Os limites da diplomacia parlamentar na COP26
*Texto de autoria de Andreas Paiva, Eric Balbinus, Erica de Oliveira, Luigi Tedeschi e Matheus da Silva, pós-graduandos em Ciência Política pela FESP-SP com material construído na disciplina de Análise Política.
A participação do Brasil na COP26 contou com uma série de aspectos dignos de discussão, dentre eles o protagonismo de parlamentares em um fórum internacional que pretende traçar metas fundamentais para o meio ambiente. Se por um lado, o descaso absoluto de Jair Bolsonaro com a agenda ambiental não se apresenta como algo surpreendente (tão somente uma consequência lógica de uma administração responsável por transformar o país em pária internacional em questões ambientais), é digno ressaltar que esse movimento tem como consequência o vácuo deixado pelo Presidente da República, principalmente em se considerando a predominância estrutural do Executivo na representação do país no cenário internacional.
O protagonismo histórico do Poder Executivo nas relações internacionais decorre de prerrogativas constitucionais que dão a esse o papel legal de representante externo do Estado, atribuindo ao Legislativo a função de ratificar os acordos firmados. Nestes tempos o que se verifica é precisamente o contrário: o vácuo de liderança deixa a representação do Brasil nas mãos de atores diversos, dentre eles, o Poder Legislativo, muito embora a esse não seja atribuído formalmente o poder de assumir frente a outros países obrigações em nome do Estado brasileiro, o que, em verdade, acaba por causar prejuízos para diplomacia e interesses nacionais.
Um exemplo de como esse protagonismo não atende as necessidades do país se verifica na própria organização dos parlamentares designados para a Conferência. Deputados federais têm direito a receber diárias para esse tipo de compromisso, desde que autorizados pela Secretaria de Relações Internacionais da Câmara dos Deputados, além disso recebem suporte da Comissão de Relações Exteriores e da assessoria da própria Secretaria. Ainda assim, não há condições adequadas para que seja suprida a lacuna deixada pela Presidência, vez que tais recursos são proporcionalmente muito menores que os recursos atribuídos àquela para os mesmos fins. No caso da COP 26, a desproporção ficou clara na desistência de deputados que acabaram declinando da participação na delegação brasileira diante dos altos custos para a viagem à Europa (também uma consequência óbvia da crise econômica).

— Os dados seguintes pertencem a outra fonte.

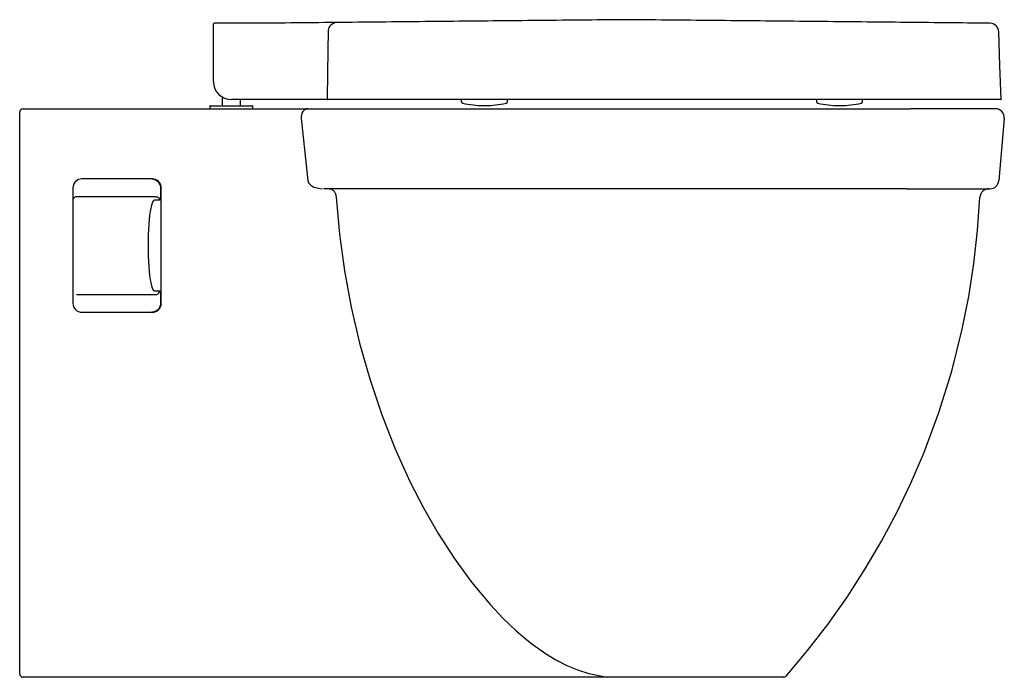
# Model space of a CAD drawing. Header units: millimetres. Extents: x 3675.421 to 3675.976, y 1710.334 to 1710.704.
import ezdxf

# ---------------------------------------------------------------- set-up
doc = ezdxf.new("R2010")
doc.units = ezdxf.units.MM
doc.layers.add('BLOCKS', color=3, linetype='Continuous')
doc.layers.add('SANINDUSA', color=3, linetype='Continuous')

msp = doc.modelspace()

# ---------------------------------------------------------------- linework, layer by layer
at = {"layer": 'BLOCKS'}
for p, q in [((3675.42325911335, 1710.653922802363), (3675.57484718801, 1710.653922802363)), ((3675.57484718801, 1710.653922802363), (3675.583438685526, 1710.653922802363)), ((3675.583438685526, 1710.653922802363), (3675.589650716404, 1710.653922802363)), ((3675.589650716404, 1710.653922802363), (3675.922867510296, 1710.653922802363)), ((3675.970706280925, 1710.653922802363), (3675.922867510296, 1710.653922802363)), ((3675.42125911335, 1710.648922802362), (3675.42125911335, 1710.651922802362)), ((3675.42125911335, 1710.335922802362), (3675.42125911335, 1710.648922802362)), ((3675.579713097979, 1710.648487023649), (3675.583431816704, 1710.613487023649)), ((3675.975687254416, 1710.648487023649), (3675.972625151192, 1710.613487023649)), ((3675.496004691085, 1710.614422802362), (3675.45625911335, 1710.614422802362)), ((3675.45125911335, 1710.609422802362), (3675.45125911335, 1710.544422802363)), ((3675.500552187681, 1710.609422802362), (3675.500552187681, 1710.606422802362)), ((3675.500989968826, 1710.544422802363), (3675.500989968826, 1710.609422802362)), ((3675.920692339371, 1710.608922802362), (3675.592253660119, 1710.608922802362)), ((3675.920692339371, 1710.608922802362), (3675.967644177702, 1710.608922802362)), ((3675.498013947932, 1710.604422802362), (3675.45325911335, 1710.604422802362)), ((3675.499994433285, 1710.602422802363), (3675.497127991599, 1710.602422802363)), ((3675.45325911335, 1710.549422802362), (3675.498013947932, 1710.549422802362)), ((3675.497127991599, 1710.551422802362), (3675.499994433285, 1710.551422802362)), ((3675.500552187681, 1710.547422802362), (3675.500552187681, 1710.544422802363)), ((3675.45625911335, 1710.539422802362), (3675.496004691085, 1710.539422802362)), ((3675.739177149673, 1710.333922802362), (3675.42325911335, 1710.333922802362)), ((3675.747558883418, 1710.333922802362), (3675.739177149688, 1710.333922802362)), ((3675.851315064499, 1710.333922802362), (3675.747558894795, 1710.333922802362))]:
    msp.add_line(p, q, dxfattribs=at)
at = {"layer": 'BLOCKS', "flags": 128}
for points in [[(3675.583438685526, 1710.653922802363), (3675.582669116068, 1710.65381579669), (3675.581932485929, 1710.653499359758), (3675.581260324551, 1710.652987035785), (3675.580681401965, 1710.652300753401), (3675.580220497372, 1710.651469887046), (3675.579897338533, 1710.650529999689), (3675.579725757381, 1710.649521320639), (3675.579713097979, 1710.648487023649)], [(3675.495586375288, 1710.614422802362), (3675.496448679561, 1710.614346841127), (3675.497284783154, 1710.614121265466), (3675.498069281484, 1710.613752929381), (3675.498778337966, 1710.613253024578), (3675.499390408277, 1710.612636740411), (3675.499886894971, 1710.611922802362), (3675.50025271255, 1710.611132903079), (3675.500476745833, 1710.610291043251), (3675.500552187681, 1710.609422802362)], [(3675.500989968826, 1710.609422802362), (3675.500914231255, 1710.610291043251), (3675.500689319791, 1710.611132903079), (3675.500322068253, 1710.611922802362), (3675.499823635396, 1710.612636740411), (3675.499209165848, 1710.613253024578), (3675.498497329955, 1710.613752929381), (3675.497709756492, 1710.614121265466), (3675.49687037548, 1710.614346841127), (3675.496004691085, 1710.614422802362)], [(3675.583431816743, 1710.613487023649), (3675.583877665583, 1710.612270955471), (3675.584011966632, 1710.612061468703), (3675.585199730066, 1710.610856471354), (3675.586979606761, 1710.609869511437), (3675.589515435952, 1710.609153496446), (3675.591557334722, 1710.608937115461)], [(3675.595878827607, 1710.608922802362), (3675.596555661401, 1710.608833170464), (3675.597208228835, 1710.608567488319), (3675.597813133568, 1710.608135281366), (3675.598348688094, 1710.607552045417), (3675.598795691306, 1710.60683869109), (3675.599138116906, 1710.606020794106), (3675.599363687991, 1710.605127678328), (3675.599464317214, 1710.604191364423)], [(3675.498013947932, 1710.604422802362), (3675.498400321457, 1710.604384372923), (3675.498771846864, 1710.604270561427), (3675.499114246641, 1710.604085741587), (3675.499414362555, 1710.603837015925), (3675.49966066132, 1710.603533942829), (3675.499843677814, 1710.603188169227), (3675.499956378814, 1710.602812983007), (3675.499994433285, 1710.602422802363)], [(3675.500552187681, 1710.606422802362), (3675.500543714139, 1710.605728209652), (3675.500518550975, 1710.605054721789), (3675.500477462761, 1710.604422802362), (3675.500421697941, 1710.603851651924), (3675.5003529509, 1710.60335862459), (3675.500273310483, 1710.602958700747), (3675.500185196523, 1710.602664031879), (3675.500091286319, 1710.60248357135), (3675.499994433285, 1710.602422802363)], [(3675.599464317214, 1710.604191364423), (3675.60132342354, 1710.583404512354), (3675.60415336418, 1710.562781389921), (3675.607920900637, 1710.542320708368), (3675.612645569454, 1710.522024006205), (3675.618335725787, 1710.501919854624), (3675.624958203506, 1710.482202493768), (3675.632515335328, 1710.462917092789), (3675.641042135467, 1710.444081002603), (3675.6485948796, 1710.429351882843), (3675.656854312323, 1710.41495208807), (3675.66588584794, 1710.400916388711), (3675.675684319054, 1710.387443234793), (3675.686297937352, 1710.374711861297), (3675.693389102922, 1710.367171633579), (3675.700886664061, 1710.359990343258), (3675.708862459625, 1710.353265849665), (3675.717287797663, 1710.347227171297), (3675.723197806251, 1710.343668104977), (3675.729386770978, 1710.340545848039), (3675.735859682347, 1710.337931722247), (3675.741661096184, 1710.336144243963), (3675.751865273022, 1710.333922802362)], [(3675.852823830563, 1710.334609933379), (3675.864857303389, 1710.348923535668), (3675.876313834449, 1710.3637003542), (3675.887182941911, 1710.379072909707), (3675.897382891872, 1710.394897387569), (3675.906604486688, 1710.410621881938), (3675.915167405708, 1710.426714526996), (3675.923108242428, 1710.443263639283), (3675.93035228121, 1710.460129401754), (3675.938857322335, 1710.482927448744), (3675.946096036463, 1710.50617818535), (3675.952035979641, 1710.529774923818), (3675.955713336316, 1710.548187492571), (3675.958598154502, 1710.566758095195), (3675.960693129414, 1710.585435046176), (3675.962000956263, 1710.604166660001)], [(3675.497127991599, 1710.602422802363), (3675.496695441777, 1710.602236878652), (3675.496269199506, 1710.601681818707), (3675.495855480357, 1710.600765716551), (3675.495460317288, 1710.599501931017), (3675.495089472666, 1710.597908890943), (3675.49474835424, 1710.596009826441), (3675.494441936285, 1710.593832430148), (3675.494174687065, 1710.591408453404), (3675.493950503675, 1710.58877324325), (3675.493772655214, 1710.585965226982), (3675.493643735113, 1710.583025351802), (3675.493565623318, 1710.579996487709), (3675.493539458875, 1710.576922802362), (3675.493565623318, 1710.573849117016), (3675.493643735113, 1710.570820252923), (3675.493772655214, 1710.567880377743), (3675.493950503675, 1710.565072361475), (3675.494174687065, 1710.562437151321), (3675.494441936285, 1710.560013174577), (3675.49474835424, 1710.557835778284), (3675.495089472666, 1710.555936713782), (3675.495460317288, 1710.554343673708), (3675.495855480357, 1710.553079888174), (3675.496269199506, 1710.552163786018), (3675.496695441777, 1710.551608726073), (3675.497127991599, 1710.551422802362)], [(3675.498013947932, 1710.549422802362), (3675.498400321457, 1710.549461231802), (3675.498771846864, 1710.549575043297), (3675.499114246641, 1710.549759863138), (3675.499414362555, 1710.5500085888), (3675.49966066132, 1710.550311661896), (3675.499843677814, 1710.550657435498), (3675.499956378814, 1710.551032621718), (3675.499994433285, 1710.551422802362)], [(3675.499994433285, 1710.551422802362), (3675.500103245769, 1710.551345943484), (3675.500207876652, 1710.551118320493), (3675.500304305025, 1710.550748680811), (3675.5003888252, 1710.550251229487), (3675.500458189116, 1710.549645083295), (3675.500509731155, 1710.548953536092), (3675.500541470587, 1710.54820316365), (3675.500552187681, 1710.547422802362)], [(3675.500552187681, 1710.544422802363), (3675.500476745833, 1710.543554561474), (3675.50025271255, 1710.542712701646), (3675.499886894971, 1710.541922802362), (3675.499390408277, 1710.541208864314), (3675.498778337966, 1710.540592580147), (3675.498069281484, 1710.540092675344), (3675.497284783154, 1710.539724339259), (3675.496448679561, 1710.539498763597), (3675.495586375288, 1710.539422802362)], [(3675.496004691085, 1710.539422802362), (3675.496977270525, 1710.53951887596), (3675.497912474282, 1710.5398034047), (3675.498774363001, 1710.540265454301), (3675.499529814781, 1710.540887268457), (3675.500149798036, 1710.541644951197), (3675.500610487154, 1710.5425093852), (3675.500894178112, 1710.543447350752), (3675.500989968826, 1710.544422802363)]]:
    msp.add_lwpolyline(points, dxfattribs=at)
at = {"layer": 'BLOCKS'}
for centre, radius, start, end in [((3675.42325911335, 1710.651922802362), 0.00200000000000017, 90, 180), ((3675.970706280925, 1710.648922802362), 0.00500000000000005, 354.9999999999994, 90), ((3675.45625911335, 1710.609422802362), 0.005000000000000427, 90, 180), ((3675.966995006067, 1710.603922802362), 0.005000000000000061, 90, 177.2044882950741), ((3675.967644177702, 1710.613922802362), 0.005, 270, 354.9999999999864), ((3675.45325911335, 1710.602422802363), 0.00200000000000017, 90, 180), ((3675.45625911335, 1710.544422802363), 0.004999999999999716, 180, 270), ((3675.42325911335, 1710.335922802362), 0.00200000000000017, 180, 270), ((3675.851315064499, 1710.335922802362), 0.001999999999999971, 270, 318.9714895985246)]:
    msp.add_arc(centre, radius, start, end, dxfattribs=at)
at = {"layer": 'SANINDUSA'}
for p, q in [((3675.530438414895, 1710.697215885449), (3675.530438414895, 1710.701800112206)), ((3675.530438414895, 1710.669050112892), (3675.530438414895, 1710.697215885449)), ((3675.558271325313, 1710.702050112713), (3675.530688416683, 1710.702050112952)), ((3675.535538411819, 1710.659832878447), (3675.535538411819, 1710.659928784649)), ((3675.535538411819, 1710.655692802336), (3675.535538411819, 1710.659832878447)), ((3675.590276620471, 1710.659050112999), (3675.540438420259, 1710.659050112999)), ((3675.545338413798, 1710.659050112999), (3675.545338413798, 1710.655692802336)), ((3675.590880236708, 1710.659050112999), (3675.590276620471, 1710.659050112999)), ((3675.669938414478, 1710.659050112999), (3675.669938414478, 1710.65802330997)), ((3675.695938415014, 1710.65802330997), (3675.695938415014, 1710.659050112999)), ((3675.869938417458, 1710.659050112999), (3675.869938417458, 1710.65802330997)), ((3675.895938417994, 1710.65802330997), (3675.895938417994, 1710.659050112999)), ((3675.528263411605, 1710.65539280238), (3675.528263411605, 1710.653922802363)), ((3675.528263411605, 1710.653922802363), (3675.551776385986, 1710.653922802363)), ((3675.52846341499, 1710.655592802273), (3675.551590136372, 1710.655592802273)), ((3675.551590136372, 1710.655592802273), (3675.552413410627, 1710.655592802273)), ((3675.551776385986, 1710.653922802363), (3675.552613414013, 1710.653922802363)), ((3675.552613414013, 1710.653922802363), (3675.552613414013, 1710.65539280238)), ((3675.682546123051, 1710.655728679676), (3675.683330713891, 1710.655728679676)), ((3675.870756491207, 1710.657047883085), (3675.870718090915, 1710.657047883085)), ((3675.882546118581, 1710.655728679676), (3675.883330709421, 1710.655728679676))]:
    msp.add_line(p, q, dxfattribs=at)
at = {"layer": 'SANINDUSA', "flags": 128}
for points in [[(3675.594936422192, 1710.697224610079), (3675.594779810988, 1710.687232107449), (3675.594559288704, 1710.673141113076), (3675.594364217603, 1710.660654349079), (3675.594343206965, 1710.659308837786)], [(3675.973926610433, 1710.659310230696), (3675.973264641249, 1710.678266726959), (3675.972602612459, 1710.697224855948)]]:
    msp.add_lwpolyline(points, dxfattribs=at)
at = {"layer": 'SANINDUSA'}
for centre, radius, start, end in [((3675.530688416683, 1710.701800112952), 0.0002500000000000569, 90, 180), ((3675.599398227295, 1710.697619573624), 0.004479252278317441, 98.4577049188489, 185.0586951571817), ((3675.96760565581, 1710.697050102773), 0.005000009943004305, 1.987721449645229, 90.002034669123), ((3675.540438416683, 1710.669050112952), 0.01, 180, 270), ((3675.535638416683, 1710.659928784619), 0.0001000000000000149, 92.7214619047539, 180), ((3675.540438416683, 1710.558948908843), 0.1011938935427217, 92.49389506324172, 92.7214619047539), ((3675.594569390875, 1710.659275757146), 0.0002285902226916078, 171.679172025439, 260.7913010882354), ((3675.973676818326, 1710.659300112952), 0.0002500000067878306, 269.9957720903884, 3.523445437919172), ((3675.528463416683, 1710.655392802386), 0.0001999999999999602, 90, 180), ((3675.535638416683, 1710.655692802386), 9.999999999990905e-05, 180, 270), ((3675.545238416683, 1710.655692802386), 9.999999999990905e-05, 270, 0), ((3675.552413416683, 1710.655392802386), 0.0001999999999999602, 0, 90), ((3675.670938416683, 1710.658023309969), 0.001000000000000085, 180, 257.271977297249), ((3675.682546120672, 1710.709413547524), 0.05368486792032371, 257.271977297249, 270), ((3675.683330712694, 1710.709413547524), 0.05368486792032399, 270, 282.728022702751), ((3675.694938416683, 1710.658023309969), 0.001000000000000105, 282.728022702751, 0), ((3675.870938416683, 1710.658023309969), 0.0009999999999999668, 180, 257.271977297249), ((3675.882546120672, 1710.709413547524), 0.05368486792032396, 257.271977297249, 270), ((3675.883330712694, 1710.709413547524), 0.05368486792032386, 270, 282.728022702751), ((3675.894938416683, 1710.658023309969), 0.0009999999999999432, 282.728022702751, 0)]:
    msp.add_arc(centre, radius, start, end, dxfattribs=at)
for points, knots in [([(3675.762938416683, 1710.704050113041), (3675.754187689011, 1710.703966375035), (3675.736728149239, 1710.703799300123), (3675.710653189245, 1710.703548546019), (3675.684782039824, 1710.703297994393), (3675.659151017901, 1710.703047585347), (3675.633758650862, 1710.702797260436), (3675.608548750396, 1710.702547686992), (3675.583413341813, 1710.702298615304), (3675.566653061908, 1710.702132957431), (3675.558271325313, 1710.702050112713)], [0, 0, 0, 0, 0.1282527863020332, 0.2558912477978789, 0.3824161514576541, 0.5075154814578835, 0.6312820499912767, 0.7543325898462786, 0.8771428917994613, 1, 1, 1, 1]), ([(3675.967605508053, 1710.702050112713), (3675.959223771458, 1710.702132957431), (3675.942463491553, 1710.702298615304), (3675.91732808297, 1710.702547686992), (3675.892118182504, 1710.702797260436), (3675.866725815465, 1710.703047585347), (3675.841094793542, 1710.703297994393), (3675.815223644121, 1710.703548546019), (3675.789148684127, 1710.703799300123), (3675.771689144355, 1710.703966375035), (3675.762938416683, 1710.704050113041)], [0, 0, 0, 0, 0.1228571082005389, 0.2456674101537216, 0.3687179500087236, 0.4924845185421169, 0.6175838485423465, 0.7441087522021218, 0.8717472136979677, 1, 1, 1, 1]), ([(3675.59453280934, 1710.659050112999), (3675.594104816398, 1710.659050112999), (3675.593248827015, 1710.659050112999), (3675.591701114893, 1710.659050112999), (3675.590694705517, 1710.659050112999), (3675.590276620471, 1710.659050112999)], [0, 0, 0, 0, 0.3689150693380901, 0.7378331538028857, 1, 1, 1, 1]), ([(3675.973627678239, 1710.659050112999), (3675.973576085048, 1710.659050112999), (3675.973465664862, 1710.659050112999), (3675.972171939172, 1710.659050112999), (3675.970027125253, 1710.659050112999), (3675.966996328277, 1710.659050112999), (3675.962923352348, 1710.659050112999), (3675.957635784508, 1710.659050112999), (3675.951053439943, 1710.659050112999), (3675.94350368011, 1710.659050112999), (3675.935078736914, 1710.659050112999), (3675.925476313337, 1710.659050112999), (3675.914622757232, 1710.659050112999), (3675.902514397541, 1710.659050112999), (3675.889651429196, 1710.659050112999), (3675.876163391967, 1710.659050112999), (3675.862028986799, 1710.659050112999), (3675.847290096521, 1710.659050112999), (3675.832005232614, 1710.659050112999), (3675.816376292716, 1710.659050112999), (3675.800518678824, 1710.659050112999), (3675.784819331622, 1710.659050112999), (3675.769337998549, 1710.659050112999), (3675.754119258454, 1710.659050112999), (3675.738921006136, 1710.659050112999), (3675.723834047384, 1710.659050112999), (3675.708348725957, 1710.659050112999), (3675.692542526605, 1710.659050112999), (3675.676524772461, 1710.659050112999), (3675.660970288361, 1710.659050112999), (3675.647024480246, 1710.659050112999), (3675.634644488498, 1710.659050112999), (3675.62371761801, 1710.659050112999), (3675.613329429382, 1710.659050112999), (3675.603494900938, 1710.659050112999), (3675.597516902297, 1710.659050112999), (3675.59453280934, 1710.659050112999)], [0, 0, 0, 0, 0.02134812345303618, 0.0456894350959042, 0.07006776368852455, 0.09441511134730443, 0.1186621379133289, 0.1467100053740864, 0.1748859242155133, 0.2031172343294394, 0.231315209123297, 0.2593816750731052, 0.2907774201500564, 0.3223074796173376, 0.3538972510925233, 0.3854535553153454, 0.4168713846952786, 0.4490345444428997, 0.4813130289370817, 0.5136371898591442, 0.545927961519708, 0.5781014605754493, 0.6084275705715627, 0.6388459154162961, 0.6692946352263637, 0.6997113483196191, 0.7300360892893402, 0.763881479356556, 0.7978213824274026, 0.8317542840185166, 0.865590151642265, 0.8924188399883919, 0.9193381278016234, 0.9462801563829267, 0.973184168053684, 1, 1, 1, 1])]:
    msp.add_open_spline(points, degree=3, knots=knots, dxfattribs=at)

doc.saveas('drawing.dxf')

Outro elemento decisivo para o insucesso da missão é o desacerto programático entre o Executivo e o Legislativo no que diz respeito aos compromissos ali firmados. Parlamentares envolvidos na Conferência receberam com ceticismo as promessas feitas pelo ministro do Meio Ambiente, Joaquim Leite, que firmou o compromisso de elevar em 50% a meta de redução de gases do efeito estufa até 2030. Nilton Tatto (PT-SP) chamou o plano de “pedalada climática”, enquanto o líder da oposição Alessandro Molon (PSB-RJ) acusou o governo de “tentar enganar” a opinião pública internacional. O pessimismo se justifica, já que no primeiro ano de mandato o presidente causou polêmica ao demitir o presidente do INPE por não concordar com a divulgação de estudos apontando aumento do desmatamento na Amazônia.
É evidente que atores como Legislativo nacional e setores da sociedade civil ganharam mais relevância em áreas de debate internacional por conta da globalização e da urgência de temas como as mudanças climáticas, o que confere ainda mais legitimidade aos deputados que participaram da COP 26. O que deve ser colocado em perspectiva é que a tendência de uma participação cada vez maior desses atores em função do vácuo deixado pelo Poder Executivo é extremamente danosa para o país. A diplomacia parlamentar é um instrumento de representação legítima e desejável, porém o que se viu na COP 26 foi a tentativa de suprir uma necessidade para a qual o Legislativo sequer possui recursos para atender. Esse desarranjo não só deteriora a imagem do país nesses fóruns em que um chefe de Estado tão controverso sequer se apresenta à mesa de discussões como compromete possibilidades de futuro – sobretudo para os mais pobres, assim como para os povos originários e ribeirinhos, que serão profundamente afetados pela negligência do governo.